Puis montés à bord du NEA HELLAS.
Installés à 5, dans la cabine n° 20, DOREAU,
MANOUSSARIDIS, GLOAGUEN, RAYNAUD et moi. Tout le confort moderne, sur ce
navire, battant pavillon britannique: lavabos, glaces, salles de bain.
Que de monde sur ce bateau, et il en monte toujours, à 21 h.
9-2-46: Au réveil, ce matin, nous avons constaté,
que la mer était assez grosse. On s'attendait à partir à
9 h, puis à 11 h, puis au début de l'après-midi, tant
et si bien, que le départ est reporté, à demain matin,
et encore, à la condition, que le temps le permette. Avons touché,
hier soir, les ceintures de sauvetage (exercice ce matin à 10 h
45) et, ce soir, une ampoule rouge, à utiliser, en cas de naufrage.
10-2-46: L'eau étant rationnée, il faut se lever
de bonne heure. (De 6 h 15 à 7 h 15). La matinée et l'après-midi,
furent une véritable source d'émotions. On part, non, pas
encore. Enfin, vers 17 h 30, les remorqueurs sont arrivés et, à
18 h 30, le bateau commençait, à prendre de la vitesse. La
mer n'est pas trop mauvaise. Un peu de roulis, mais à peine. Et
voilà le séjour en FRANCE terminé, pour plusieurs
mois, plusieurs années, peut être.
11-2-46: La première nuit en mer, a été
relativement calme. Très peu de roulis. Au point du jour, les côtes
de la CORSE et de la SARDAIGNE, sont en vue. Dans la matinée, avons
franchi le détroit de BONIFACCIO. A 10 h, exercice de sauvetage,
pour ne pas changer. Ceinture de sauvetage ajustée,
chacun se retrouve, à la place qui lui a été indiquée,
près de son canot de sauvetage. Toute panique impossible. Il y a
trop d'ordre. Distribution de cigarettes anglaises. La mer a été
très calme, dans la journée, ce qui fait que les mouvements
du navire, sont pratiquement insignifiants. Au coucher du soleil, aucune
terre n'était plus en vue. L'ambiance, à bord, est très
bonne. Et, ce soir, à tribord, les Sous-officiers se sont réunis,
autour d'un accordéon. Chants, histoires, etc.
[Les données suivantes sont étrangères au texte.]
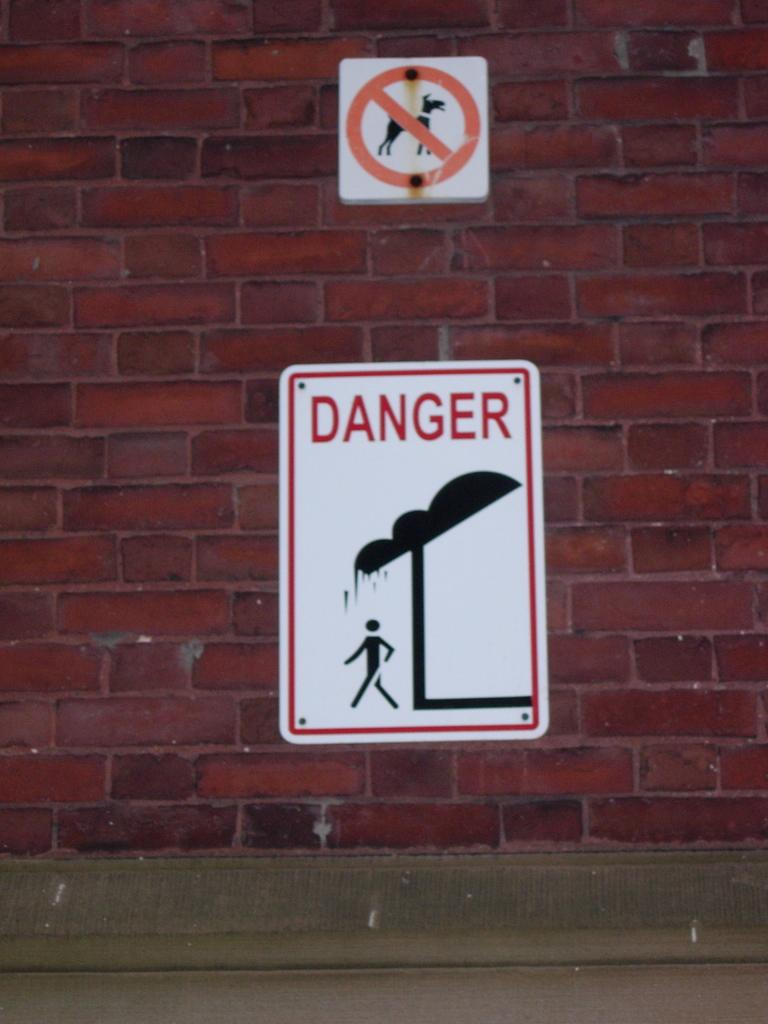<image>
Write a terse but informative summary of the picture. Two street signs, one say no dogs, the other says danger. 
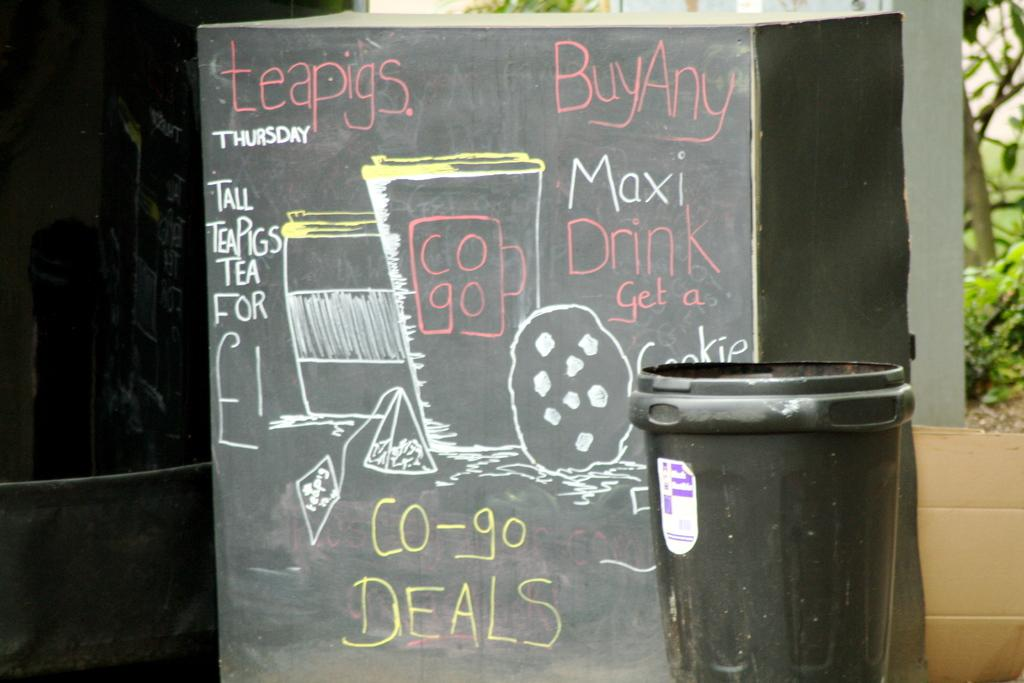<image>
Render a clear and concise summary of the photo. A coffee shop chalkboard with "Buy Any Maxi Get a Cookie" on it.

12-2-46: Pris mon bain à 7 h. Dès que le jour a
paru, avons constaté que les côtes de la SICILE, et de l'ITALIE,
étaient bien en vue. A tribord, nous avons laissé les îles
LIPARI, avec le STROMBOLI. Jusque 8 h 45, approche et franchissement, du
détroit de MESSINE, l'ITALIE à babord, MESSINE et l'ETNA
à tribord. (Duquel sortait un panache de fumée).
Progressivement, nous nous sommes éloignés des
côtes, qui ont totalement disparu, vers midi. Au fur et à
mesure que nous avons pris le large, la mer s'est creusée, et les
mouvements du bateau se sont accentués.
13-2-46: Bain à 6 h. Petit déjeuner à 8
h 30. Exercice" ABANDON SHIP", à 10 h. Vers 2 h, les îles,
situées au sud de la CRETE, étaient en vue. La houle est
toujours la même. Dans la soirée, la vitesse du bateau a été
accélérée. A partir de 20 h, cinéma, bals,
chants. Les distractions ne manquent donc pas.
14-2-46: Dans la matinée, avons croisé un cargo,
qui filait plein Ouest. La mer est un peu plus agitée, aujourd'hui.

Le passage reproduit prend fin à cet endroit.